• ASSIGNMENT: Please repeat the records beneath this task exactly as they appear, but skip the images.

[Collection entries]
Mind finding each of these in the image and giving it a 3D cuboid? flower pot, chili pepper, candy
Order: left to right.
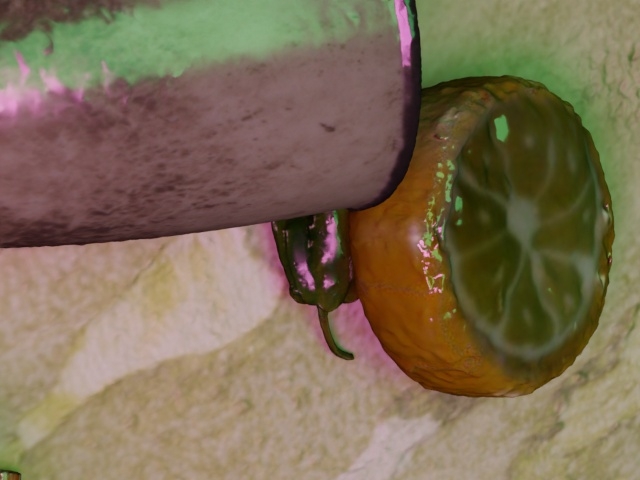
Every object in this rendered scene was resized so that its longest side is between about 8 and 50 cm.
[{"bbox_3d":[-0.140,-0.132,1.211,0.330,0.293,0.293,-13,98,-20],"label":"flower pot"},{"bbox_3d":[0.003,0.000,1.397,0.073,0.072,0.204,-8,95,-30],"label":"chili pepper"},{"bbox_3d":[0.129,-0.003,1.420,0.260,0.118,0.260,1,88,-45],"label":"candy"}]

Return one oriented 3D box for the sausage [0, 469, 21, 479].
[{"bbox_3d":[-0.234,0.218,1.304,0.031,0.031,0.107,3,90,-28],"label":"sausage"}]

• SOLUTION FOR THIS PROBLEM:
Mind finding each of these in the image and giving it a 3D cuboid? flower pot, chili pepper, candy
Order: left to right.
Every object in this rendered scene was resized so that its longest side is between about 8 and 50 cm.
[{"bbox_3d":[-0.140,-0.132,1.211,0.330,0.293,0.293,-13,98,-20],"label":"flower pot"},{"bbox_3d":[0.003,0.000,1.397,0.073,0.072,0.204,-8,95,-30],"label":"chili pepper"},{"bbox_3d":[0.129,-0.003,1.420,0.260,0.118,0.260,1,88,-45],"label":"candy"}]

Return one oriented 3D box for the sausage [0, 469, 21, 479].
[{"bbox_3d":[-0.234,0.218,1.304,0.031,0.031,0.107,3,90,-28],"label":"sausage"}]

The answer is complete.